Filovirus Laboratory, INSERM U758, Human Virology Department, Claude Bernard Université Lyon 1, Ecole Normale Supérieure de Lyon, Lyon, France.
J Infect Dis. 2011 Nov;204 Suppl 3:S884-91. doi: 10.1093/infdis/jir359.
The matrix protein VP40 is essential for Ebola virus (EBOV) and Marburg virus assembly and budding at the plasma membrane. In this study we have investigated the effect of single amino acid substitutions in a conserved proline-rich region of the EBOV VP40 located in the carboxy-terminal part of the protein. We demonstrate that substitutions within this region result in an alteration of intracellular VP40 localization and also cause a reduction or a complete block of virus-like particle budding, a benchmark of VP40 function. Furthermore, some mutated VP40s revealed an enhanced binding with cellular Sec24C, a part of the coat protein complex II (COPII) vesicular transport system. Analysis of the 3-dimensional structure of VP40 revealed the spatial proximity of the proline-rich region and an earlier identified site of interaction with Sec24C, thus allowing us to hypothesize that the altered intracellular localization of the VP40 mutants is a consequence of defects in their interaction with COPII-mediated vesicular transport.
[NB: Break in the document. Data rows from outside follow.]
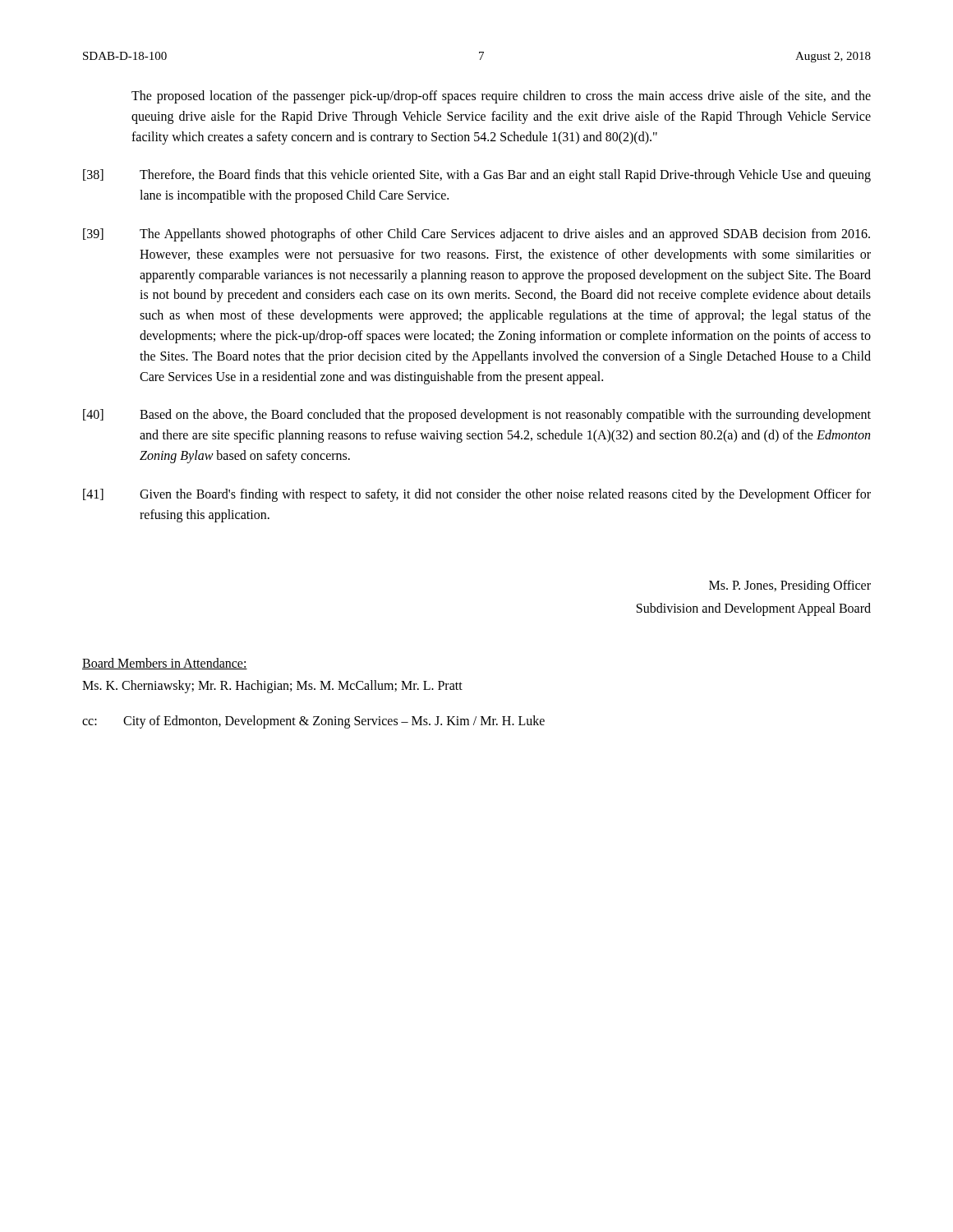Click on the passage starting "Board Members in Attendance: Ms. K. Cherniawsky;"
Image resolution: width=953 pixels, height=1232 pixels.
pyautogui.click(x=272, y=674)
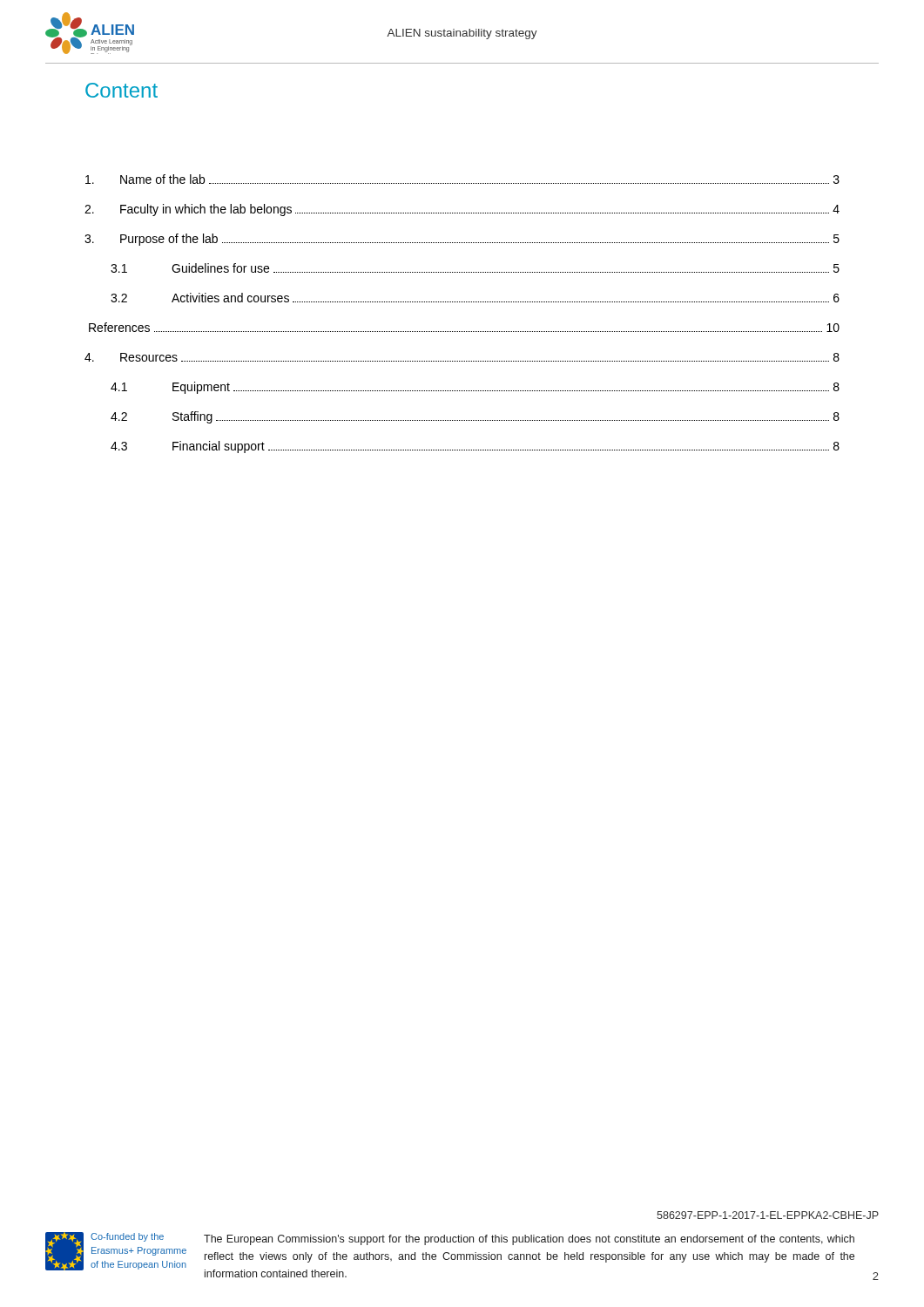Find "4.3 Financial support 8" on this page
924x1307 pixels.
[475, 446]
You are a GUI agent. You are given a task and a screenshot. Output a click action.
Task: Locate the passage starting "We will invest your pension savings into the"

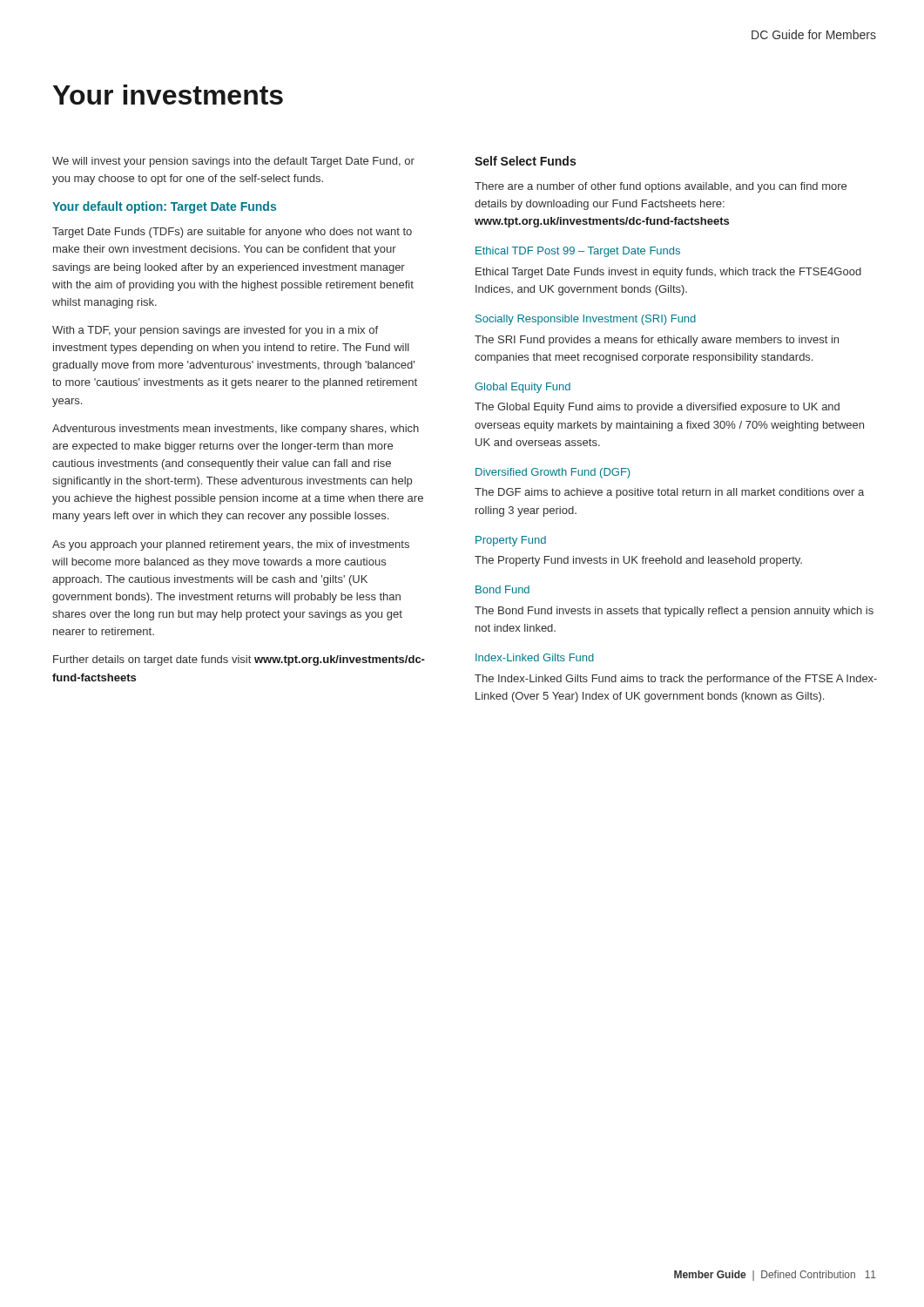coord(233,170)
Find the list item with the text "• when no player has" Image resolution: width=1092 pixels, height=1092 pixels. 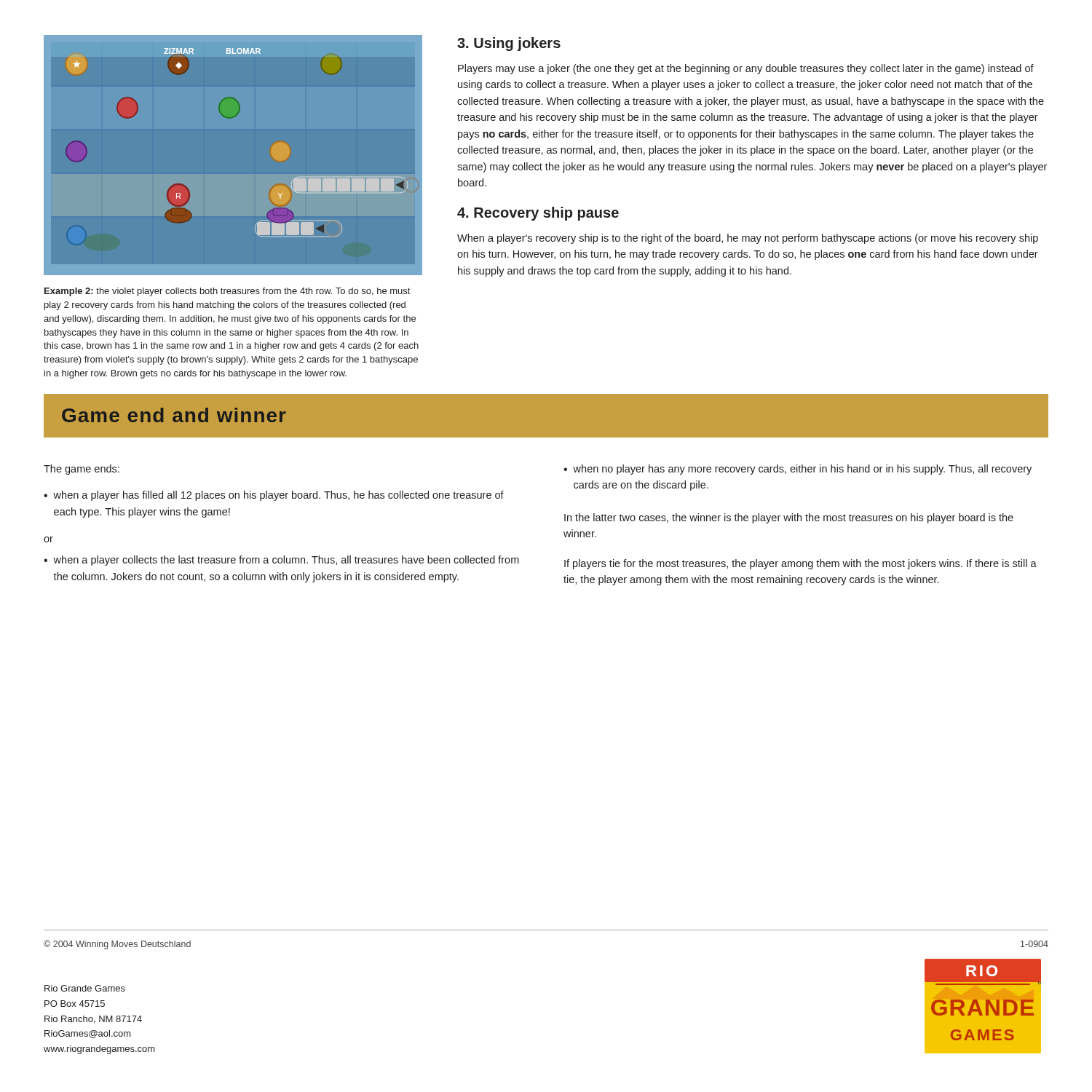coord(806,477)

基质蛋白 VP40 对于埃博拉病毒(EBOV)和马尔堡病毒在质膜处的组装和出芽是必需的。在这项研究中,我们研究了位于蛋白质羧基端的 EBOV VP40 保守脯氨酸丰富区单个氨基酸取代的影响。我们证明,该区域内的取代导致细胞内 VP40 定位的改变,并且还导致病毒样颗粒出芽的减少或完全阻断,这是 VP40 功能的一个基准。此外,一些突变的 VP40 与细胞 Sec24C 的结合增强,Sec24C 是衣壳蛋白复合物 II(COPII)囊泡运输系统的一部分。VP40 的三维结构分析揭示了富含脯氨酸的区域与先前鉴定的与 Sec24C 相互作用位点的空间接近性,从而使我们假设 VP40 突变体的细胞内定位改变是其与 COPII 介导的囊泡运输相互作用缺陷的结果。